James Cohan

Alison Elizabeth Taylor

24 Oct - 30 Nov 2013

© Alison Elizabeth Taylor
Silver Fox (detail), 2013
Wood veneer and shellac on panel
53 x 51 in. (134.62 x 129.54 cm)
ALISON ELIZABETH TAYLOR
Surface Tension
24 October – 30 November 2013

Brooklyn-based artist Alison Elizabeth Taylor returns to James Cohan Gallery for her fourth solo exhibition Surface Tension. After working for several years within the boundaries of the limited palette afforded by natural woods, Taylor, in this body of work, mashes marquetry and paint in unprecedented ways creating a new perspective on painting. Taylor explains, “What interests me is a new type of surface created by the contrast of the textural qualities of the wood and the depth afforded by the paint. I found this tension was just what I needed to convey the otherworldly feeling I encountered in real life when I observed how nature adapts and mutates to accommodate encounters with the ever-encroaching urban environment.” Taylor’s meditations on the relationship between humanity and nature take place amongst the urban grit; in Van Cortlandt a tree produces a tumorous growth over a metal plate; in Brooklyn Navy Yard a tree stump is entangled in a chain link fence; in Kelso ivy infiltrates an interior wall; in Laocoon a broken-branched tree is set off by the brilliant colors of a polluted sky.
Inspired by Emerson’s exhortation to become a “transparent eyeball” so as to connect with nature and thereby the universal without the blinders of the ego and self, Taylor attempts to be that observer. Walker Evans’ work extended the concept to the camera, a notion Taylor follows in the work Transparent Eye, when she chooses to include the lens flare as captured by her camera’s digital technology when shooting a sunset.

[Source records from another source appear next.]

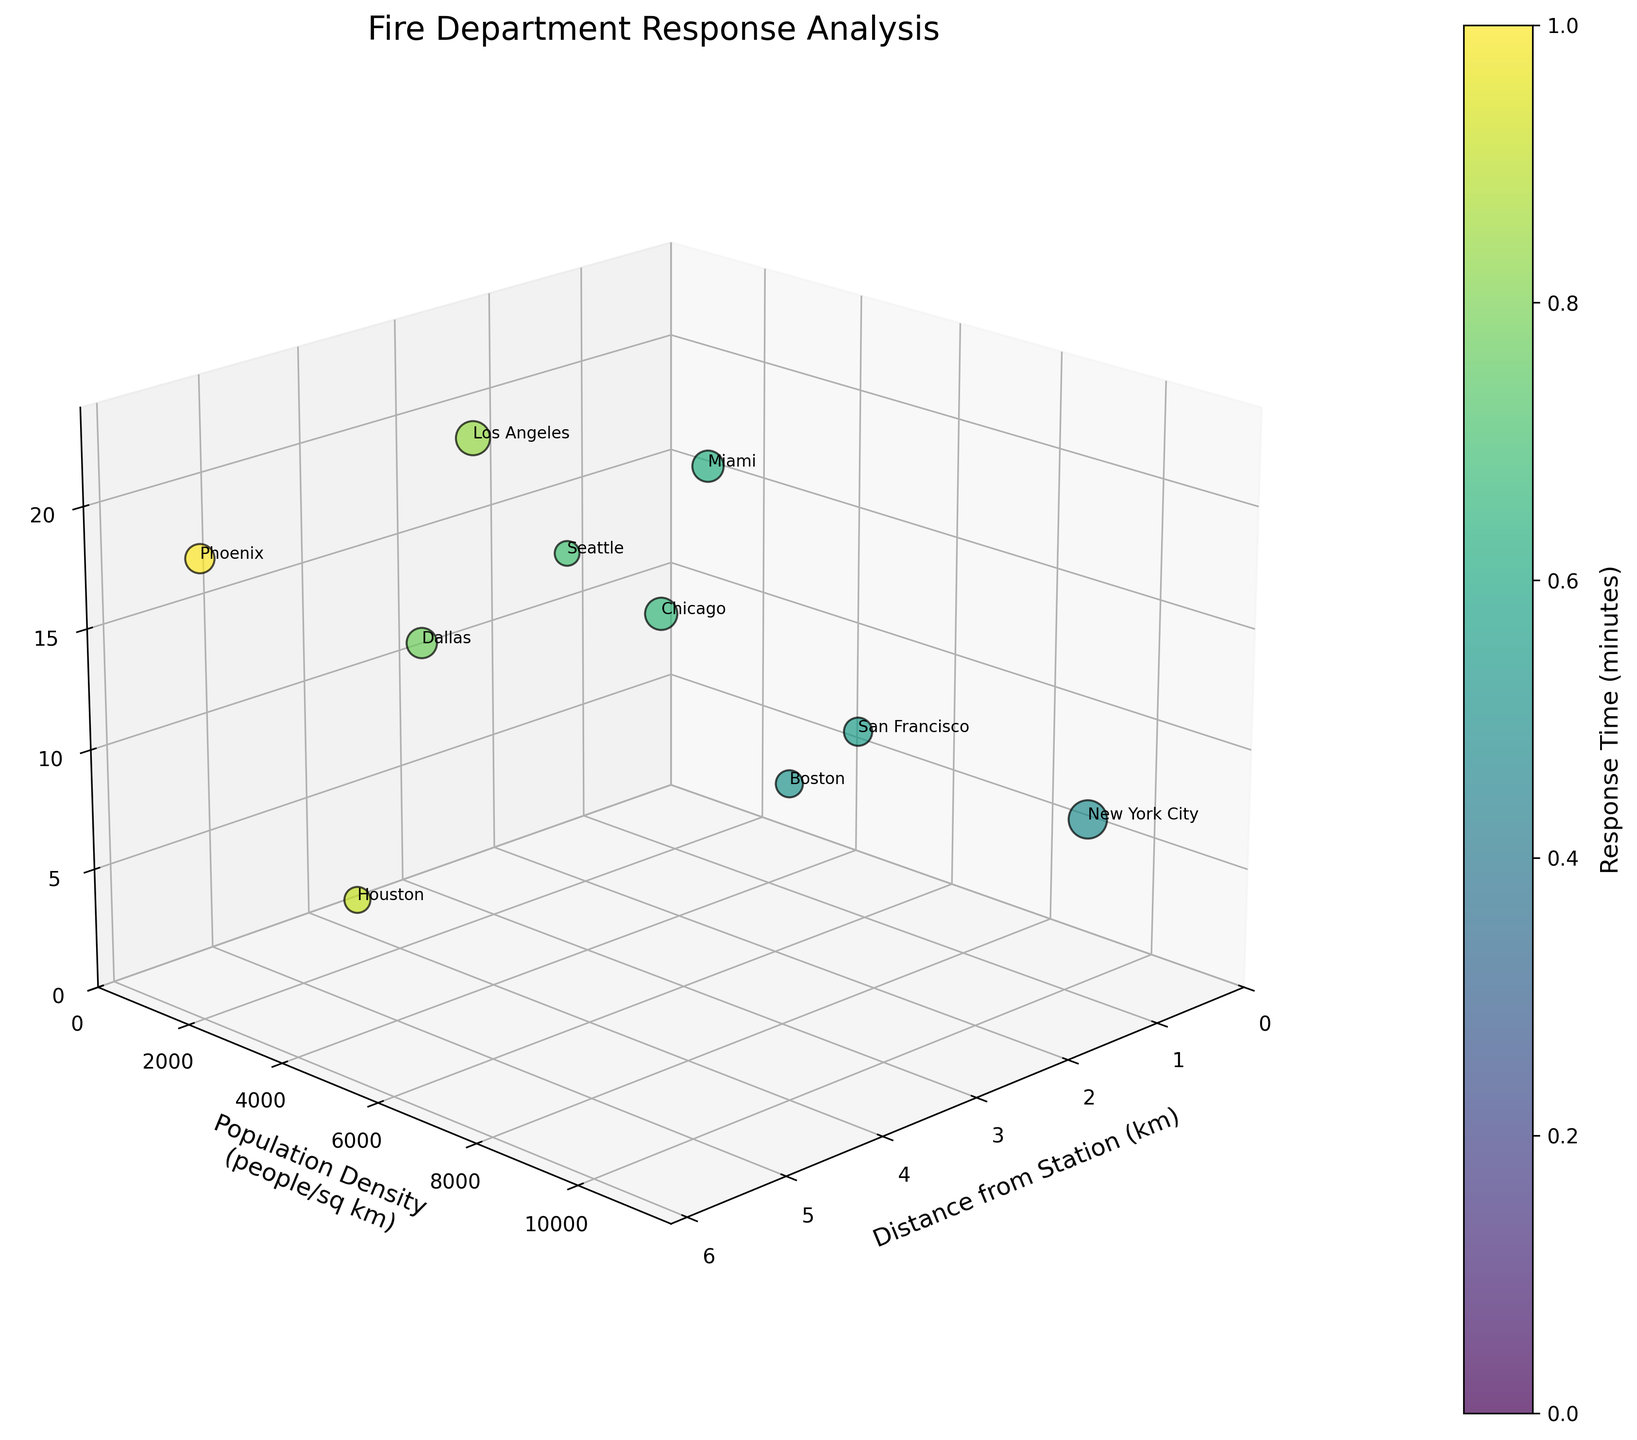What is the title of the chart? The title is located at the top center of the figure and reads "Fire Department Response Analysis."
Answer: Fire Department Response Analysis How many axis labels are there in the figure? The figure contains three axes, each with its own label: the x-axis (Distance from Station (km)), y-axis (Population Density (people/sq km)), and z-axis (Time of Day (hour)).
Answer: Three Which city has the highest population density? By observing the y-axis (Population Density) and identifying the highest point corresponding to the labeled city, we see that New York City has the highest population density of 10,716 people/sq km.
Answer: New York City What is the color bar representing? The color bar, usually found adjacent to the plot, represents 'Response Time (minutes).' The variation in colors across the data points corresponds to different response times.
Answer: Response Time (minutes) How does the response time change as the distance from the station increases? Observing the gradient of colors along the x-axis (Distance from Station), it can be seen that the response time increases as the distance from the station increases. Darker colors indicating higher response times are associated with points farther from the station.
Answer: Increases Compare the response times between New York City and Houston. Which city has a quicker response time and by how much? New York City's response time is 4.5 minutes and Houston's is 8.5 minutes. The difference in response time is calculated by subtracting the smaller time from the larger: 
8.5 - 4.5 = 4.0.
Answer: New York City by 4.0 minutes Which city has the largest bubble size and what does it represent? The largest bubble, judged by size, corresponds to New York City. Bubble size represents the Number of Incidents, and New York City has the most incidents (120).
Answer: New York City, Number of Incidents At what time of day does Los Angeles experience incidents? By locating Los Angeles on the z-axis, which reflects the time of day (hours), it can be determined that the incidents occur at 22:00 (10 PM).
Answer: 22:00 Can you identify any general trend between population density and response time? By examining the distribution of colors with respect to the y-axis (Population Density), cities with higher population densities tend to have quicker response times as indicated by lighter colors.
Answer: Higher population density typically has quicker response times Which city has the highest response time and at what time of day? By finding the city corresponding to the darkest color on the chart and checking its z-axis value, Phoenix has the highest response time of 9.3 minutes at 18:00 (6 PM).
Answer: Phoenix, 18:00

Here, nature is both the subject and the stand-in. Taylor's sunsets and rugged trees suggest a new concept of the urban sublime. Henry David Thoreau advises “Really to see the sun rise or go down every day, so to relate ourselves to a universal fact, would preserve us sane forever.” In Surface Tension, Taylor assures us that we can still transcend the world we’ve built ourselves even when the brilliance in the sky is chemically enhanced.

Raised in Las Vegas, Nevada, Alison Elizabeth Taylor received her M.F.A. from Columbia University, Graduate School of the Arts in 2005. Her work has recently been purchased by the Crystal Bridges Museum of American Art and is included in the collection of the Brooklyn Museum of Art, which is exhibitionsly on view in the exhibition Unfolding Tales: Selection from the Collection (2013). exhibitions in February 2014, Taylor’s work will be included in the First International Biennial of Contemporary Art of Cartagena de Indias, in Colombia. In June 2015, Taylor will mount a solo exhibition engaging with the architecture and historical furniture at the Musée Historique, Chateau de Nyon, Lake of Geneva, Switzerland.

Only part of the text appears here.